No public proof-of-concept exploit is currently available, and the vulnerability is not listed in the CISA Known Exploited Vulnerabilities catalog. See the GitHub Issue Report for technical discussion.
Detection Methods for CVE-2026-7210
Indicators of Compromise
- Sustained high CPU utilization in processes parsing XML, especially Python workers using xml.etree.ElementTree or xml.parsers.expat.
- Inbound XML payloads containing unusually large numbers of distinct element names, attributes, or entity references.
- Web request latency spikes correlated with specific XML POST bodies or uploads.
Detection Strategies
- Inspect XML traffic at the application gateway for documents that exceed size or element-count thresholds appropriate for the workload.
- Monitor Python process runtime metrics and stack traces during XML parsing to identify abnormal time spent in Expat internals.
- Correlate request source IPs with elevated parser CPU usage to identify deliberate flooding attempts.
Monitoring Recommendations
- Enable resource limits (RLIMIT_CPU, container CPU quotas) on services that parse XML from untrusted sources.
- Log XML parsing duration per request and alert on outliers exceeding baseline percentiles.
- Track libexpat and Python interpreter versions across the fleet to confirm patched releases are deployed.
How to Mitigate CVE-2026-7210
Immediate Actions Required
- Upgrade libexpat to version 2.8.0 or later on all systems that link against it, including container base images.
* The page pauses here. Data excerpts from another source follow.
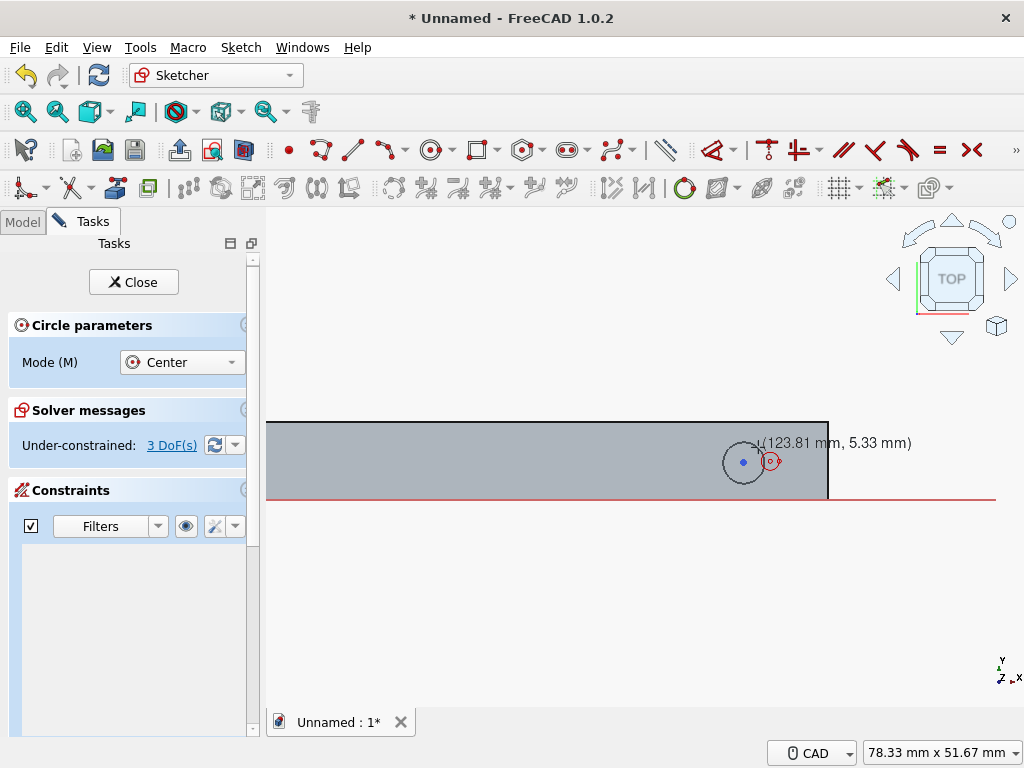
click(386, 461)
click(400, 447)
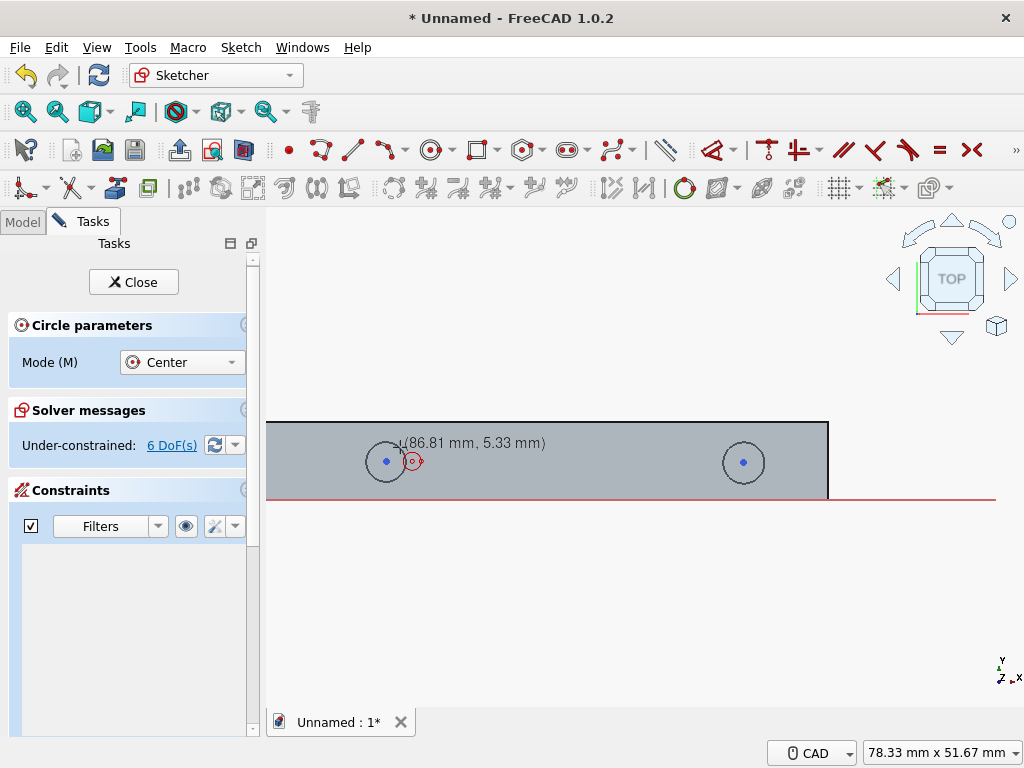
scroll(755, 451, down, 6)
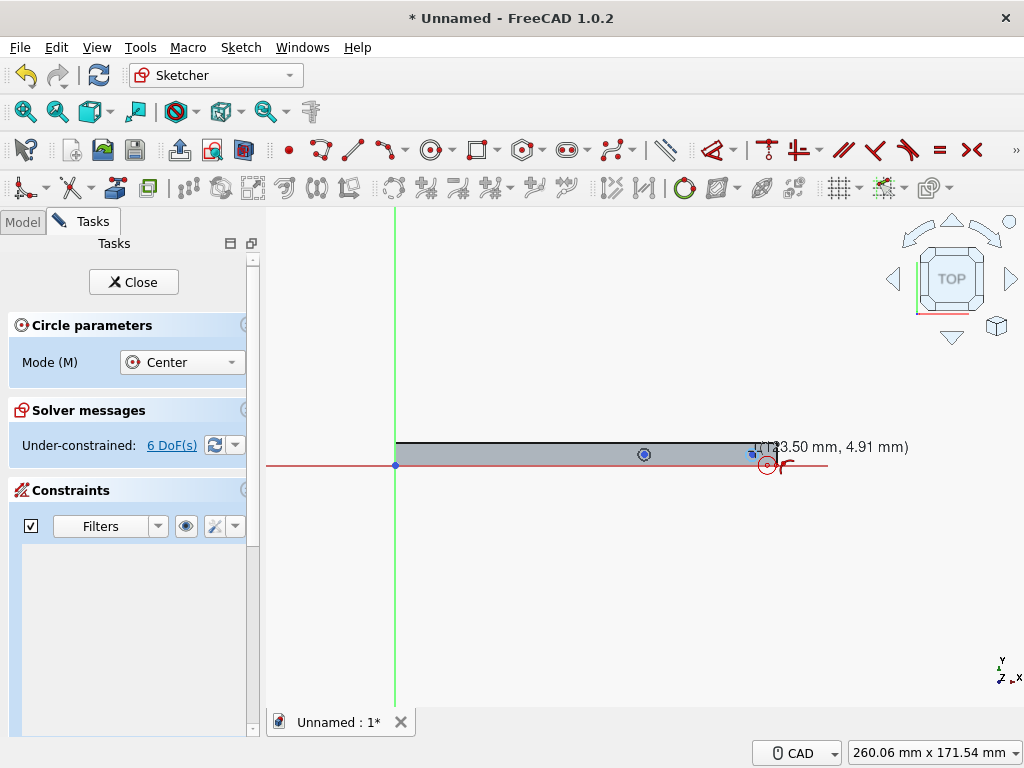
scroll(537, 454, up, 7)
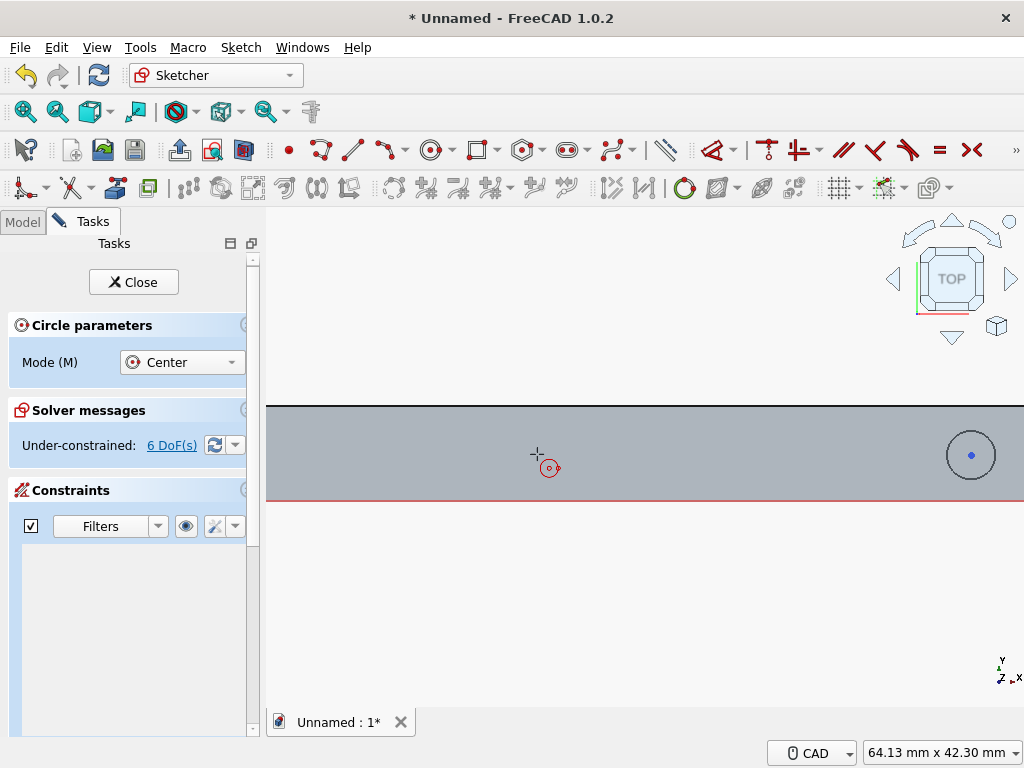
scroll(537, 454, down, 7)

- Apply the Python patch from the CPython Pull Request; both fixes are required for complete mitigation.
- Inventory applications using xml.etree.ElementTree, xml.parsers.expat, or third-party libraries that wrap Expat.
- Restrict XML parsing endpoints to authenticated clients where business requirements allow.
Patch Information
The fix is delivered through two coordinated changes. First, libexpat 2.8.0 strengthens its internal hash randomization. Second, the CPython patch tracked in the Python Security Announcement ensures Python supplies adequate entropy to Expat at initialization. Applying only one of the two patches leaves the protection partially bypassable.
Workarounds
- Enforce strict input size limits on XML payloads at the reverse proxy or application layer before parsing begins.
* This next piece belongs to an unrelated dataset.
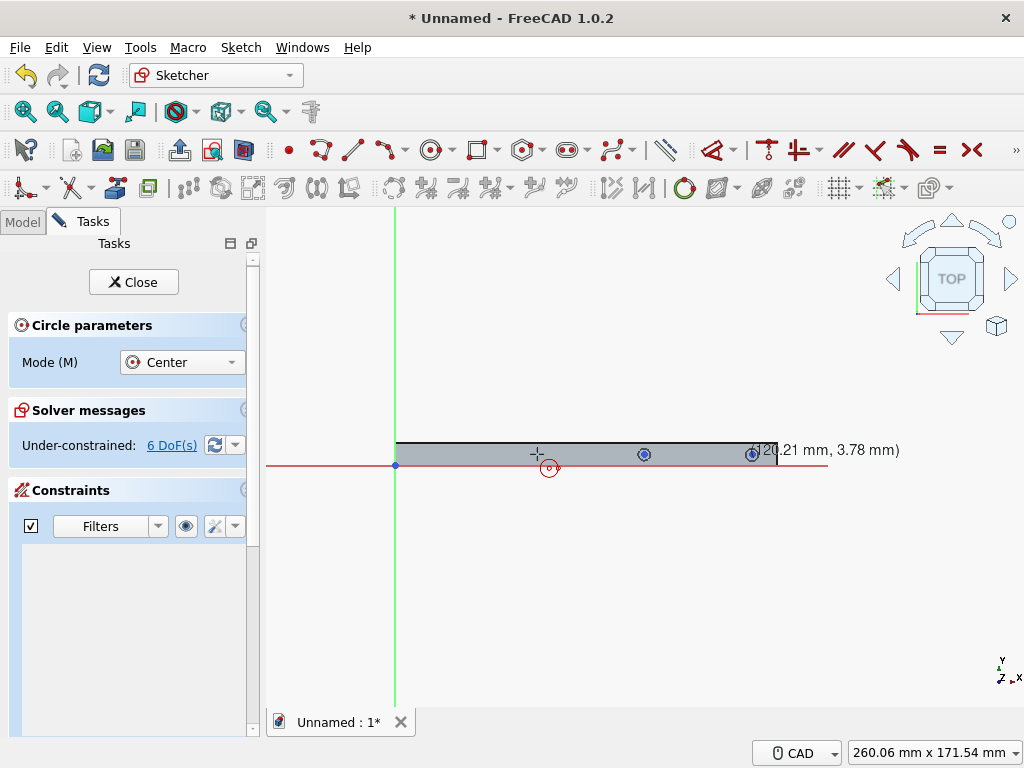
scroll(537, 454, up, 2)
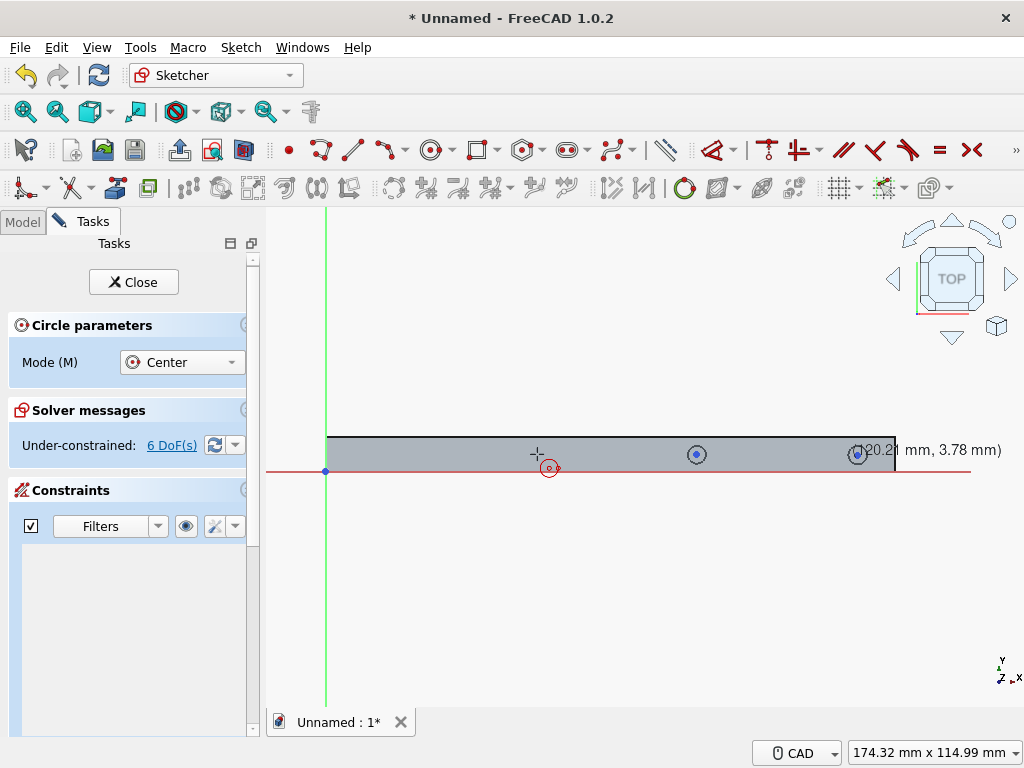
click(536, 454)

- Reject XML documents that contain more elements, attributes, or entities than the application legitimately requires.
- Isolate XML parsing into a sandboxed worker process with CPU and memory caps so denial of service cannot cascade.
- Where feasible, prefer alternative serialization formats such as JSON for untrusted input until patched packages are deployed.
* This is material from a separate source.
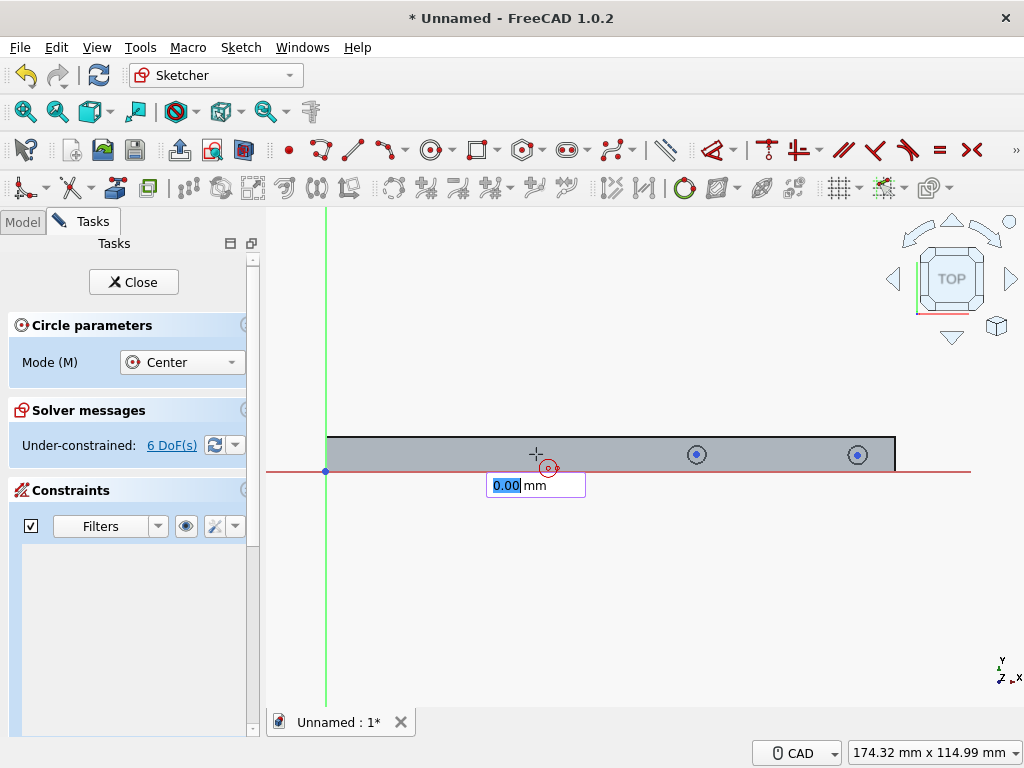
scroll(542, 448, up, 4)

# Verify installed libexpat and Python versions
dpkg -l | grep -i expat
python3 -c "import xml.parsers.expat; print(xml.parsers.expat.EXPAT_VERSION)"
# Upgrade on Debian/Ubuntu after distribution package availability
sudo apt update && sudo apt install --only-upgrade libexpat1 python3
Disclaimer: This content was generated using AI. While we strive for accuracy, please verify critical information with official sources.